企業変革支援プログラムは社員と経営者をつなぐツール―(株)プラチナ 代表取締役 内田雄之氏(島根)

【変革への第1歩~活用しよう企業変革支援プログラム】19

 企業変革支援プログラムステップ1(以下、ステップ1)の活用事例を紹介する本シリーズ。今回は(株)プラチナ代表取締役の内田雄之氏(島根同友会)の実践を紹介します。

 自社の向上をはかりたいとの思いで、今年10月に行われた島根同友会の企業変革支援プログラム勉強会へ参加しました。勉強会では、各項目の問いに答えるかたちで会社の成熟度を診断。各項目の成熟度レベルと具体的な「状態の説明」によって、自社の現状を把握できました。そして1ランク上のレベルの状態を確認することで、目指す姿の把握につながりました。それより、各項目の1ランクレベルアップを目的とした、自社における具体的課題を設定し、実施しました。

 その中でも最も効果の高かったものに「自社をめぐる情報収集と分析」に対する取り組みがありました。そこでは、状態の向上のため「内部環境や外部環境の情報を収集できる仕組みづくり」を目指しました。具体的な実施内容は、社員が自社をとりまく内外の環境で、問題と感じる点を提案できるフォーマットの作成を行いました。そのフォーマットに記載してもらい、「問題点→改善策・処置方法(A)→改善計画(P)→実行(D)→評価(C)」について社員と話し合いながら、問題解決をする仕組みをつくりました。それによって、社員が会社の環境改善に目を向け自主的に取り組むようになるという成果を得ることができました。
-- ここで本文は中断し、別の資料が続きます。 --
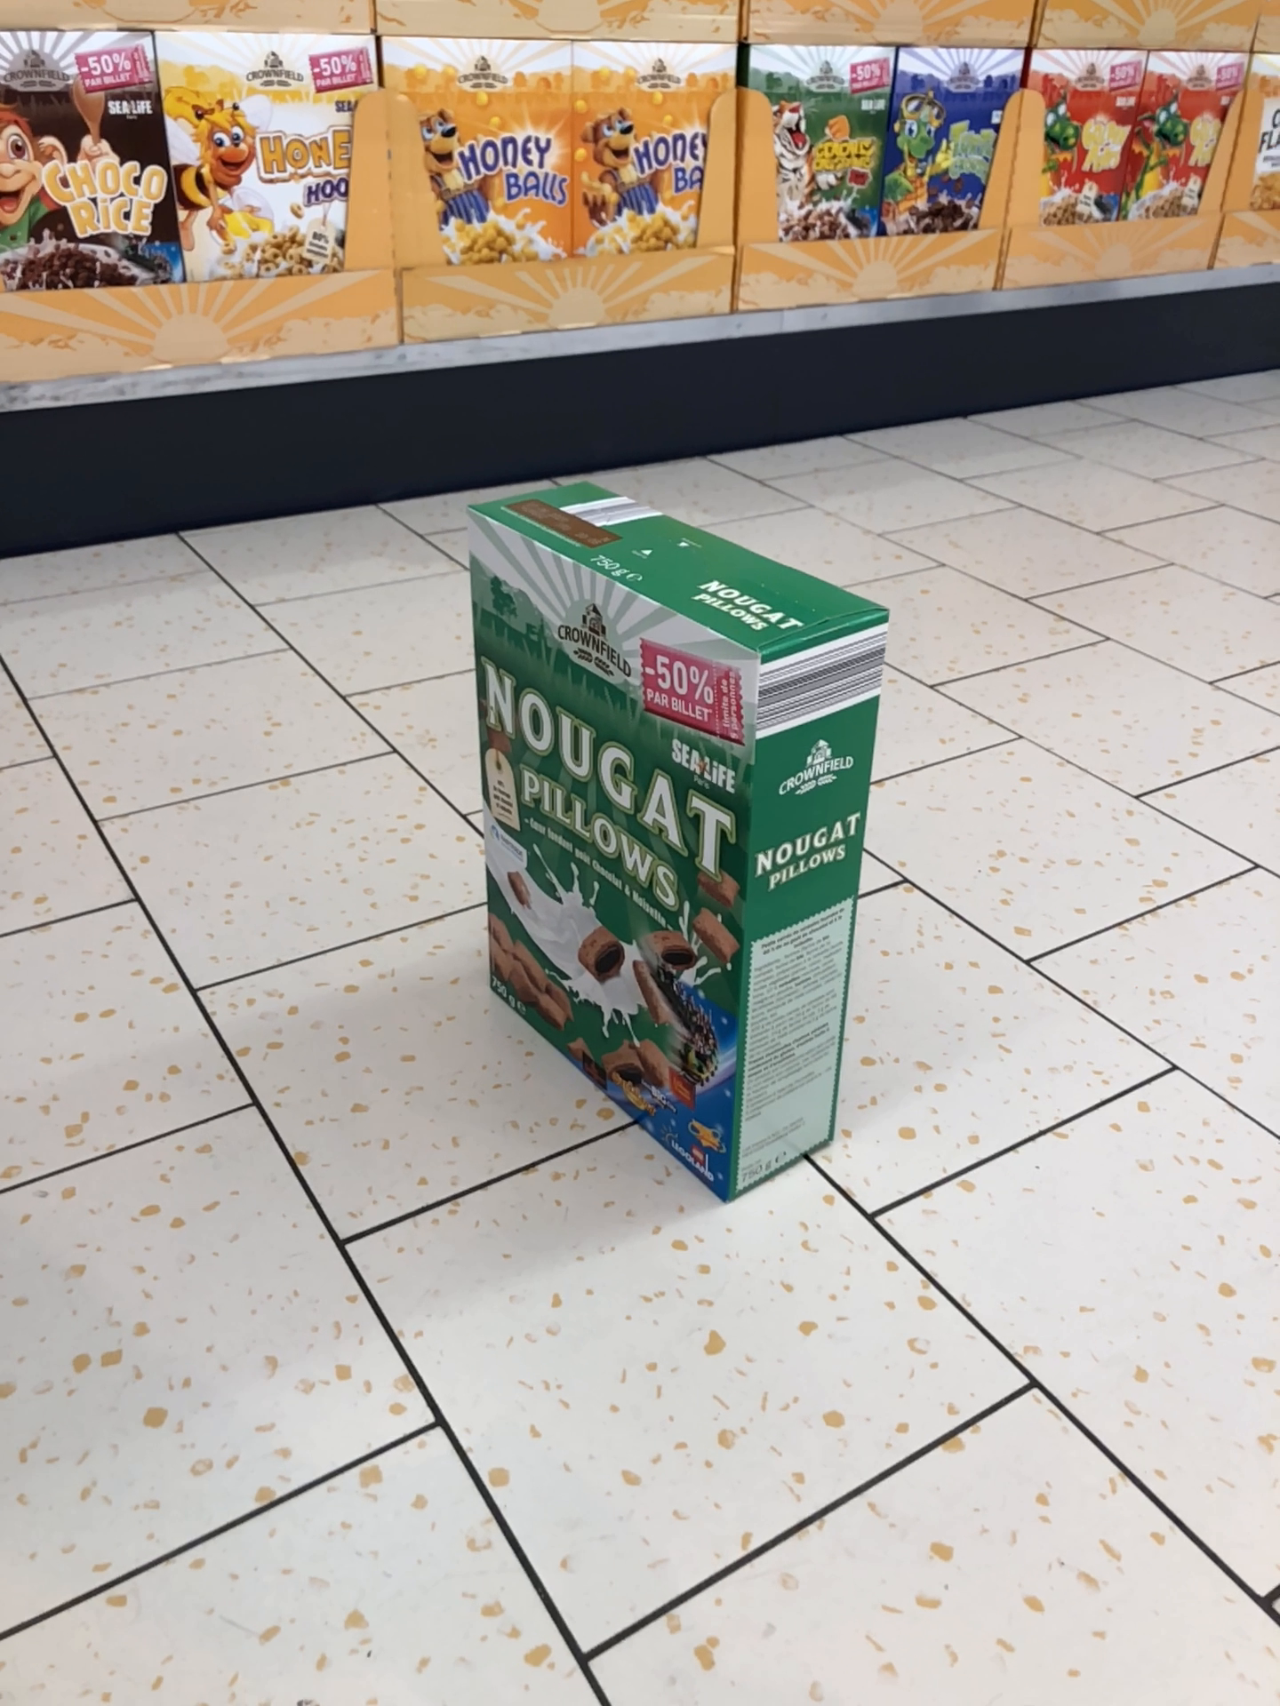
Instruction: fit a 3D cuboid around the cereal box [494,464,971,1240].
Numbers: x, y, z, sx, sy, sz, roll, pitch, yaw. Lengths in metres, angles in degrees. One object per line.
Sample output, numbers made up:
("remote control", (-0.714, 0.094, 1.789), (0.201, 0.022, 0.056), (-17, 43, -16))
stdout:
("cereal box", (0.023, -0.006, 0.609), (0.070, 0.268, 0.200), (-20, 37, -33))

 しかし成果はそれだけではなく、業績向上を目的とした意見や提案も出るようになってきました。その背景には社員と経営者が「問題点の改善」という同じ目的をもち、共に考え、解決・改善に向かったことで一体感が生まれたことや、経営者が社員の考えを理解し、社員が経営者の思いを感じることがお互いの信頼関係につながったことなどがあったと思います。自社にとって、このプログラムが社員と経営者をつなぐツールとなりました。

 ステップ1に取り組みはじめてから約2カ月ですが、レベルアップを目指し課題に取り組むことで、成果をあげることができ、良い会社に向かっていると実感しています。また、社員と共に問題解決に取り組むことの重要性に気づくとともに、今後の「会社づくり」には社員の協力が必須であることを感じました。

 今後の取り組みとしては、社員にもステップ1の診断に参加してもらい、意見交換を行い、経営者との認識の違いを明らかにし、共に課題をつくり取り組むことで、さらに一丸となって「良い会社づくり」を進めていきたいと思っています。